Muhammad Yunus, who leads the interim government in Bangladesh, has no immediate plans to resign, a senior official said on Friday during the political unrest. The news was released to discuss Muhammad Yunus’s plan to step down after differences among political parties emerged.

Faiz Ahmad Taiyeb, who is both a minister in the cabinet and special assistant to Yunus, publicly denied the rumours in an online message. The chief adviser will not be resigning. He refuses to be drawn toward power, wrote Taiyeb on Facebook. “It is for Bangladesh’s safety and peaceful democratic process that Professor Yunus needs to be kept in office.”
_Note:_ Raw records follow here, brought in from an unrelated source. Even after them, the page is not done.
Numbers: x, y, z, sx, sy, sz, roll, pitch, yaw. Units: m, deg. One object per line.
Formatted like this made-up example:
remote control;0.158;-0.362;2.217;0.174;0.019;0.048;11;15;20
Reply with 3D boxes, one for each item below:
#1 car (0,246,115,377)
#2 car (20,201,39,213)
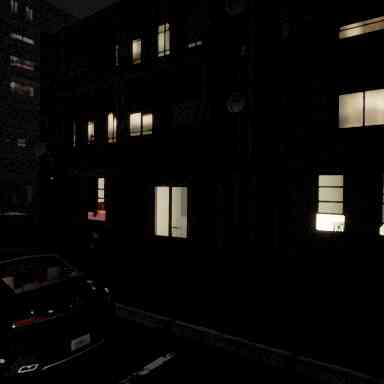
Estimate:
car;-3.103;1.549;5.230;4.403;1.369;2.008;0;1;36
car;-17.898;1.725;39.160;1.994;1.385;4.181;1;0;37
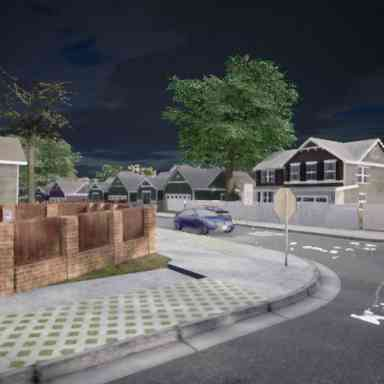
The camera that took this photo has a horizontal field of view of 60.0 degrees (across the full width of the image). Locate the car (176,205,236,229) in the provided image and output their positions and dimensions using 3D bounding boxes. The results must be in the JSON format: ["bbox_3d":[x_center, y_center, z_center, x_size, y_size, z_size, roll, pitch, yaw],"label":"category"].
[{"bbox_3d":[0.889,1.740,24.550,2.128,1.511,4.902,1,-1,-31],"label":"car"}]

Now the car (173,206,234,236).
[{"bbox_3d":[0.537,1.676,19.827,1.812,1.442,4.674,1,-1,-32],"label":"car"}]
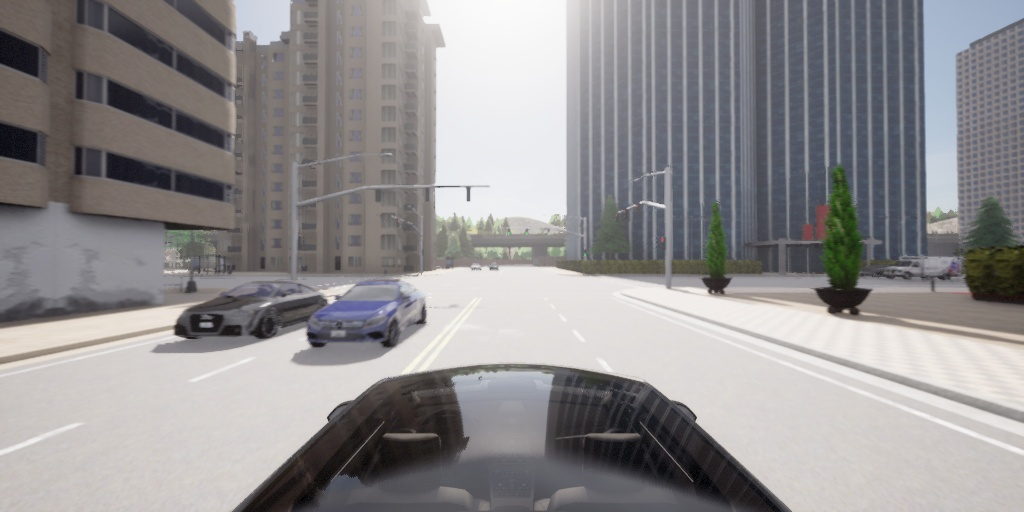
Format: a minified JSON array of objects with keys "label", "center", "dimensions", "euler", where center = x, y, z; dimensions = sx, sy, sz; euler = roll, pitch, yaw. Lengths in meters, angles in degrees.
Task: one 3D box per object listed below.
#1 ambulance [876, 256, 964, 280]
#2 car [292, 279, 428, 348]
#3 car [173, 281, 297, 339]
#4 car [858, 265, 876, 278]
[{"label":"ambulance","center":[42.487,1.236,37.242],"dimensions":[6.366,2.431,2.351],"euler":[0,-1,-1]},{"label":"car","center":[-3.572,1.379,9.725],"dimensions":[1.812,1.442,4.674],"euler":[0,-1,0]},{"label":"car","center":[-7.073,1.425,10.297],"dimensions":[1.994,1.385,4.181],"euler":[0,-1,0]},{"label":"car","center":[41.974,1.745,40.793],"dimensions":[4.902,1.511,2.128],"euler":[0,-1,0]}]
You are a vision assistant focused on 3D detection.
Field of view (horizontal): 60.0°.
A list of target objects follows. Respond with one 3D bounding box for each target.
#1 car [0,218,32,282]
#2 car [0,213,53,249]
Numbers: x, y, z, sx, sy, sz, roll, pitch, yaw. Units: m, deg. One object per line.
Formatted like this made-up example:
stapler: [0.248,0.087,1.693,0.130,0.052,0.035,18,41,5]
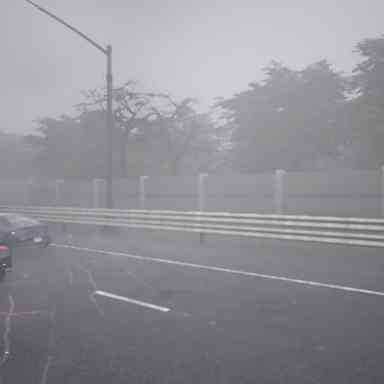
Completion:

Yunus took over as interim leader after a mass uprising last year, but now he is under pressure from both political groups, with the Bangladesh Nationalist Party (BNP) chiefly demanding that the date of the next general election be fixed.

Thousands of BNP supporters took to the streets of Dhaka on Thursday to push for a quick announcement of the election calendar. The protests were an element of an ongoing political trouble in the country, with people from different parties taking part in counter-protests and sending demands for reforms.

While Yunus has said elections will take place by June 2026, BNP leaders believe this is too vague and want them to be held earlier. He kept saying that Yunus’s authority is crucial for maintaining calm as they make the change to democracy.

Many political analysts see that being globally recognised and neutral makes Yunus a uniting factor now. The government, for now, is following its plan, even as both protests and pressure from opposition parties grow.